Slippery Rock High graduate and University of Alaska Fairbanks graduate student Morgan Siebka, center, competes during a cross country race for the Nanooks. Siebka has gone from the flat courses of Southern Florida College to the hilly courses of Alaska.
SRHS grad goes from cross country in Florida to Alaska

FAIRBANKS, Alaska — Morgan Siebka's athletic career has taken her many places.

Both literally and figuratively.

It has taken the Slippery Rock High School graduate all over the country and also on a journey inside herself to find the strength and courage to overcome to complete ACL tears.

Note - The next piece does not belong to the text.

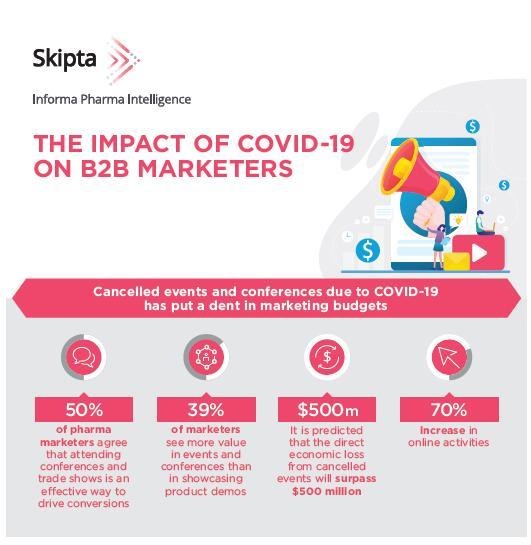What percent of B2B marketers see more value in events & conferences than in showcasing product demos during COVID-19?
Answer the question with a short phrase. 39% What is the percentage increase in the online activities during COVID-19? 70% 
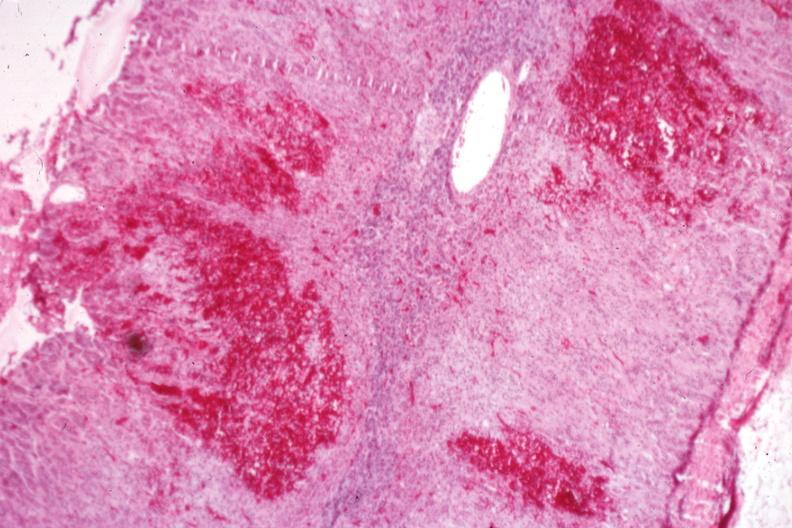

It has taken her from the basketball courts of Slippery Rock High, where she was the co-Butler Eagle Girls Basketball Player of the Year after her sophomore season, to the hardwood at Florida Southern College to the operating room and into an unknown athletic future.

That future, though, is no longer unknown.

That trip ultimately took her to the cross country course at Florida Southern as Siebka reinvented her playing career.

And now, it has taken her from the flat terrain of southern Florida to the undulating and sometimes intimidating hills of Alaska.

Siebka wouldn't change a thing.

“Some of the most wonderful decisions I've made have come by accident,” Siebka said.

It was a pair of accidents that forced Siebka away from the basketball court after tearing her ACL for the second time during her sophomore season in college with the Moccasins.

But she discovered cross country and excelled at Florida Southern on the course as a senior.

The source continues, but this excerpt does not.